Hugo blijft in de echtelijke woning en Mireille betrekt samen met Sem een nieuwe koopwoning (inschrijving BRP 26 maart 2021).  In het ouderschapsplan spreken Hugo en Mireille af dat Sem om het weekend plus één dag per week naar Hugo gaat. Door het verbreken van het toeslagpartnerschap heeft Mireille vanaf 1 april 2021 recht op Kindgebonden budget van € 500 per maand.

Hugo besluit na de scheiding het roer om te gooien en zegt zijn vaste baan als ambtenaar op. In april 2021 start hij als ZZP’er. Met € 500.000 privévermogen durft hij deze sprong in het diepe wel te maken. In de zomer van 2022 zit Hugo bij zijn accountant op kantoor en zijn nieuwe carrière als ZZP’er blijkt een succes. Hij heeft in 2021 € 150.000 winst gemaakt. Het is tijd om de aangifte inkomstenbelasting over 2021 op te stellen.
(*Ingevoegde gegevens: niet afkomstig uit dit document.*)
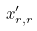Convert formula to latex. <formula><loc_0><loc_0><loc_500><loc_500>x _ { r , r } ^ { \prime }</formula> 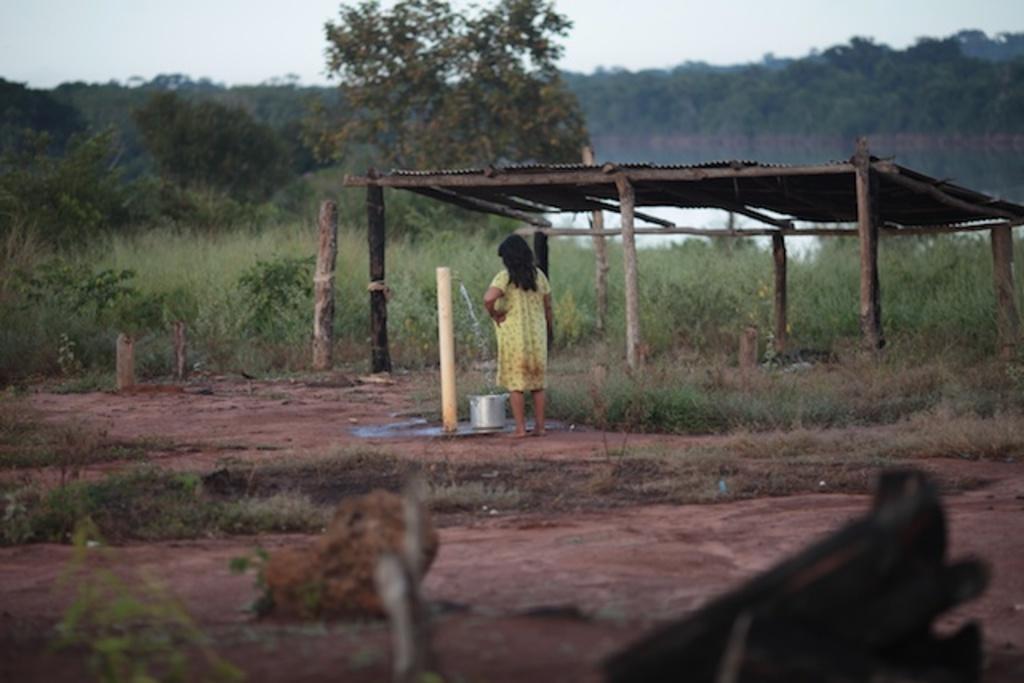Describe this image in one or two sentences. In this image there is a person standing, there is a tap , water , a bowl on the ground, there is a shed, there are plants and trees, and in the background there is sky. 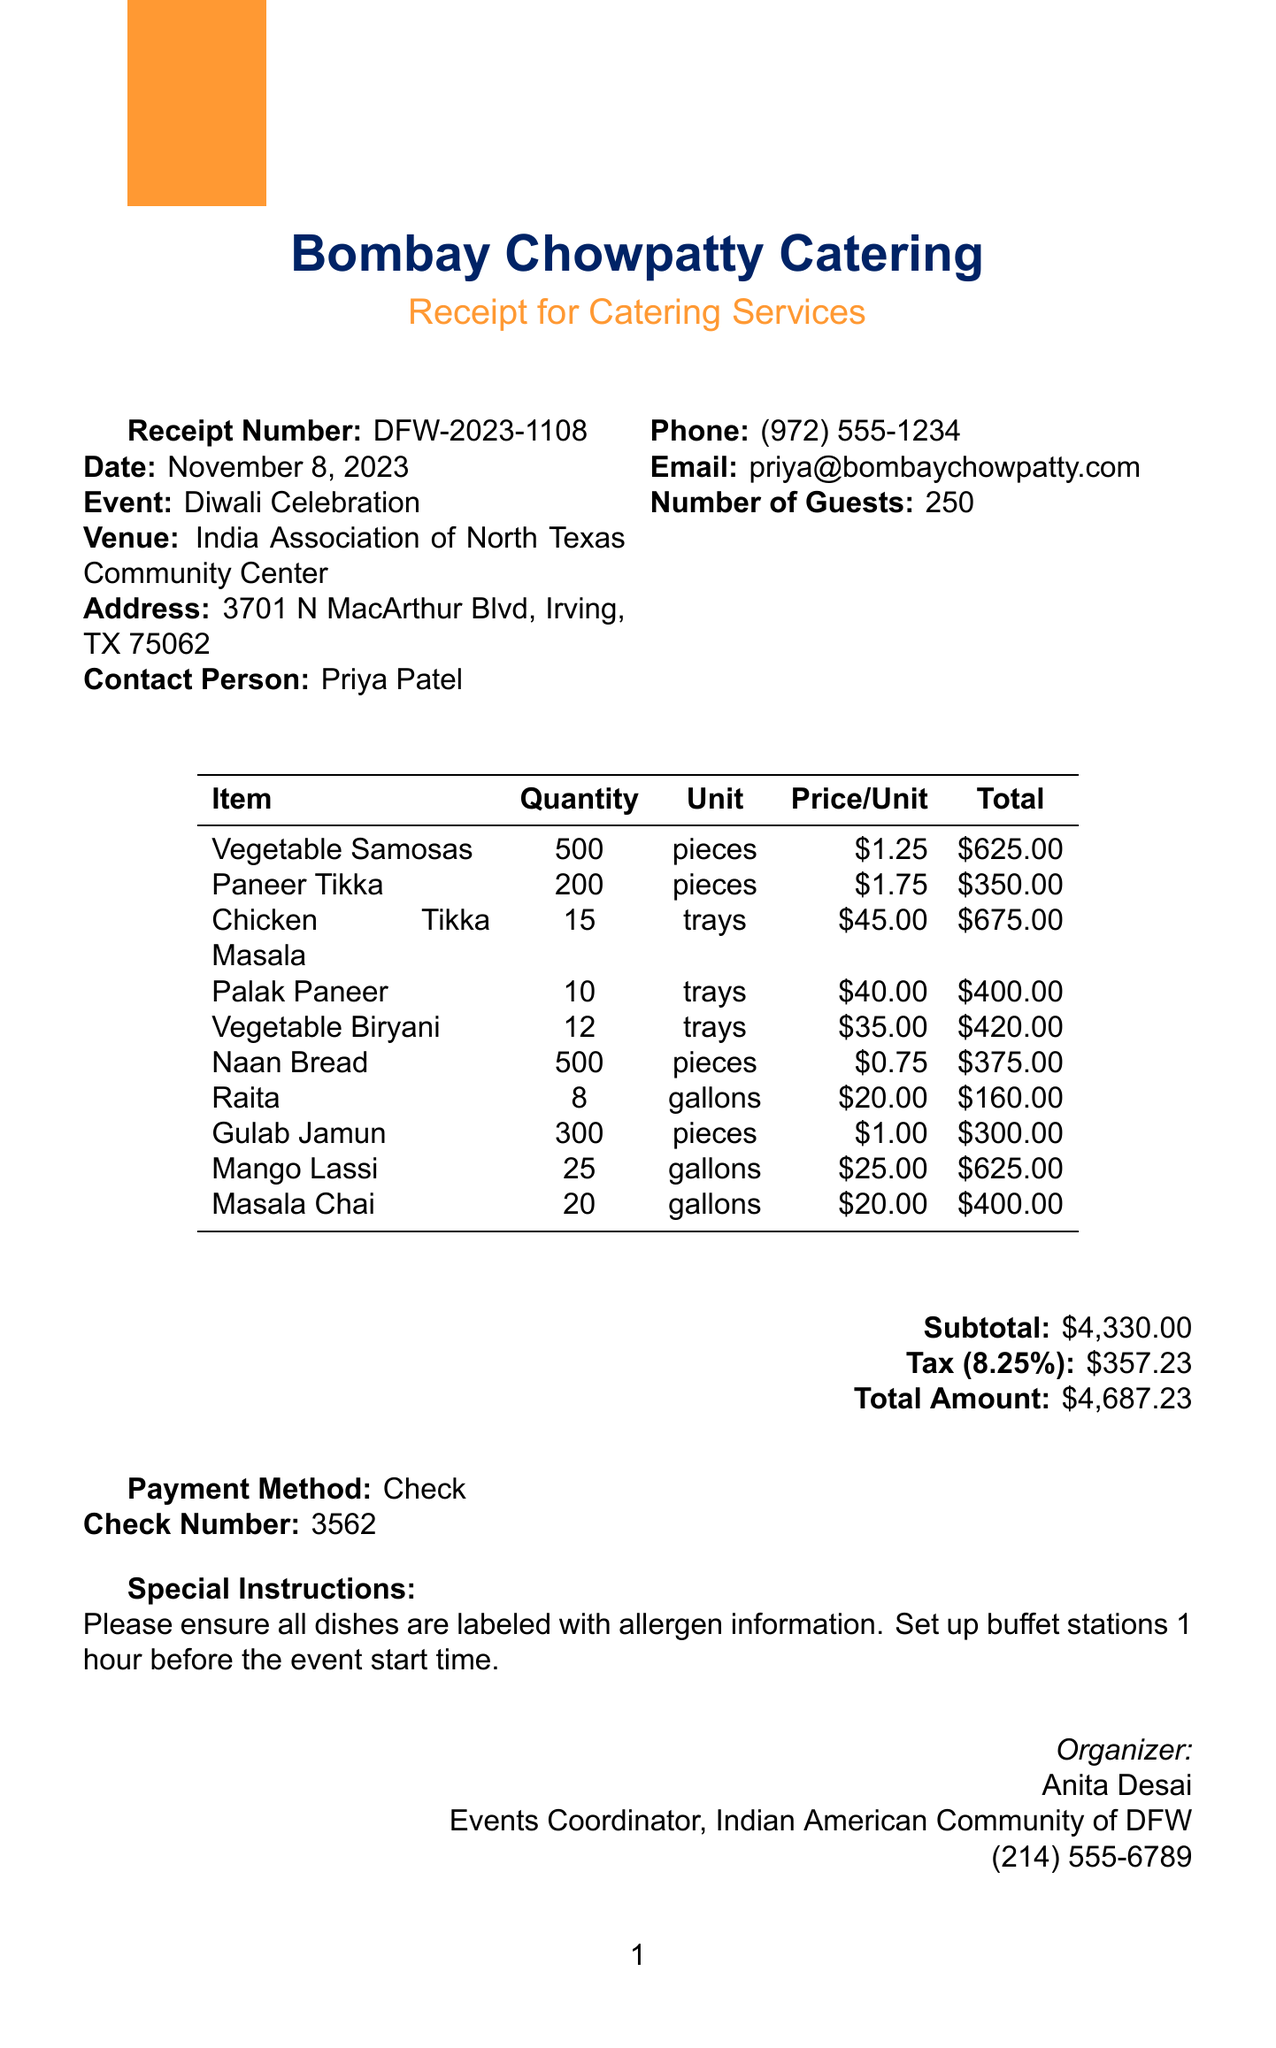What is the receipt number? The receipt number is mentioned in the document for reference, which is DFW-2023-1108.
Answer: DFW-2023-1108 What is the date of the event? The date of the Diwali Celebration event is specified in the document, which is November 8, 2023.
Answer: November 8, 2023 Who is the contact person for the catering? The document lists Priya Patel as the contact person for Bombay Chowpatty Catering.
Answer: Priya Patel How many guests are expected? The document states the expected number of guests attending the event is 250.
Answer: 250 What is the total amount due for the catering services? The total amount due, including taxes, is calculated and provided in the document as $4687.23.
Answer: $4687.23 What items are served in trays? The items listed in trays include Chicken Tikka Masala, Palak Paneer, and Vegetable Biryani, as mentioned in the itemized list.
Answer: Chicken Tikka Masala, Palak Paneer, Vegetable Biryani What special instructions are noted in the receipt? The document contains special instructions to ensure all dishes are labeled with allergen information and to set up buffet stations one hour before the event.
Answer: Ensure all dishes are labeled with allergen information What payment method was used? The document specifies that the payment method used for the catering services is Check.
Answer: Check How many pieces of Vegetable Samosas were ordered? The quantity of Vegetable Samosas ordered is listed in the itemized list, which states 500 pieces.
Answer: 500 pieces 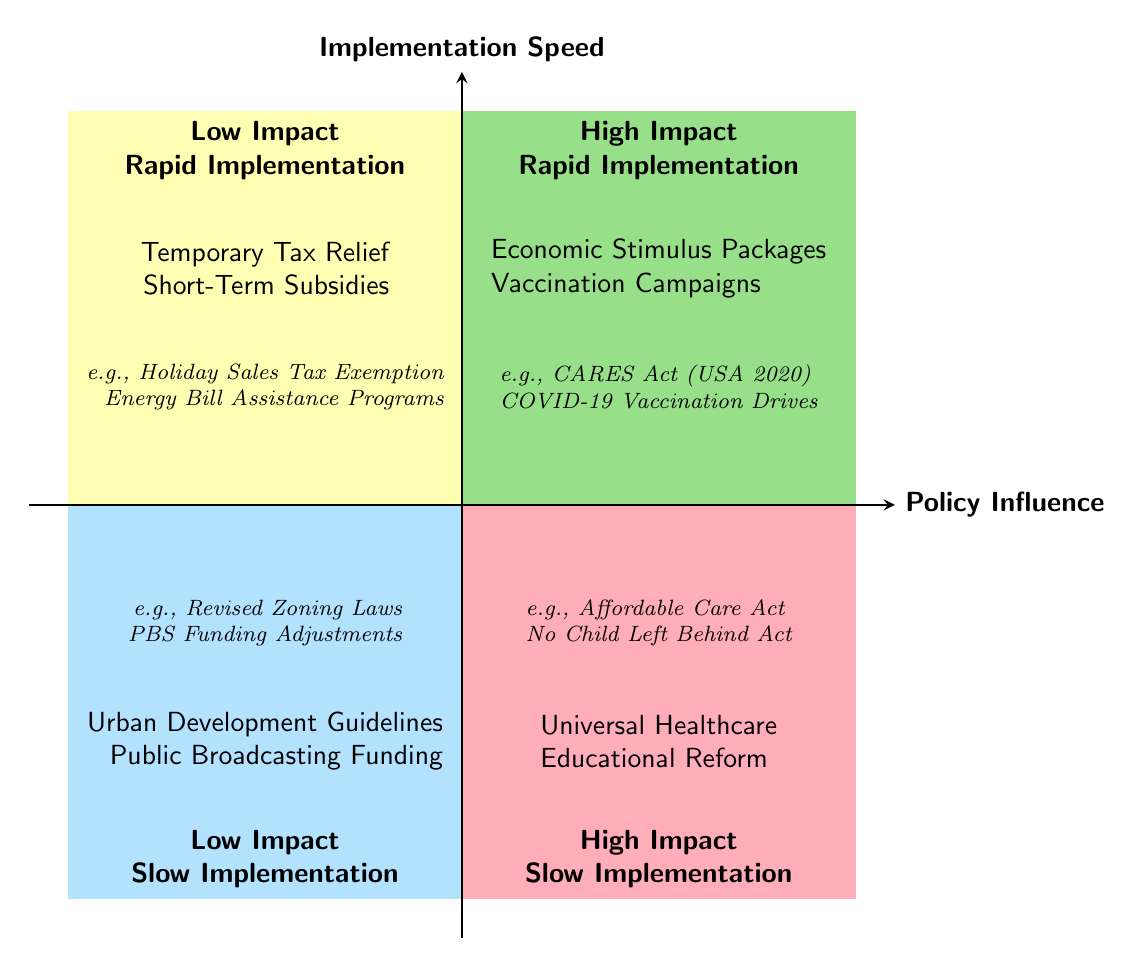What policies are in Quadrant 1? Quadrant 1 is labeled "High Impact, Rapid Implementation" and includes the policies Economic Stimulus Packages and Vaccination Campaigns.
Answer: Economic Stimulus Packages, Vaccination Campaigns Which quadrant has policies with low impact and rapid implementation? The quadrant labeled "Low Impact, Rapid Implementation" contains the policies Temporary Tax Relief and Short-Term Subsidies.
Answer: Low Impact, Rapid Implementation How many policies are in Quadrant 3? Quadrant 3 contains two policies: Universal Healthcare and Educational Reform. Thus, the total count is two.
Answer: 2 What is an example of a policy in Quadrant 4? Quadrant 4 is categorized as "Low Impact, Slow Implementation," featuring examples like Urban Development Guidelines.
Answer: Urban Development Guidelines Which policy has a high impact yet slow implementation? The policies listed in Quadrant 3, labeled "High Impact, Slow Implementation," include Universal Healthcare and Educational Reform. One specific policy is Universal Healthcare.
Answer: Universal Healthcare How does the speed of implementation compare between Quadrant 1 and Quadrant 3? Quadrant 1 showcases policies that are rapidly implemented, while Quadrant 3 features policies that are slowly implemented, highlighting a stark contrast in implementation speed.
Answer: Rapid vs. Slow Which example belongs to the vaccination campaigns policy? The example associated with Vaccination Campaigns in Quadrant 1 is the COVID-19 Vaccination Drives.
Answer: COVID-19 Vaccination Drives What type of policies are represented in Quadrant 2? Quadrant 2, labeled "Low Impact, Rapid Implementation," primarily showcases policies with minimal impact that can be implemented quickly.
Answer: Low Impact, Rapid Implementation What quadrant includes the Affordable Care Act? The Affordable Care Act is mentioned as an example under the policies in Quadrant 3, which is characterized by high impact and slow implementation.
Answer: Quadrant 3

Hoewel de scheiding in goed overleg is gegaan zijn Hugo en Mireille in de zomer van 2022 wat minder goed “on speaking terms” nu Mireille een relatie heeft met de voetbaltrainer van Sem.

De gevolgen van de afspraak in de fiscale paragraaf van het scheidingsconvenant zijn voor de aangifte inkomstenbelasting 2021 voor Hugo en Mireille als volgt:

 

Belastbaar inkomen uit sparen en beleggen (box 3)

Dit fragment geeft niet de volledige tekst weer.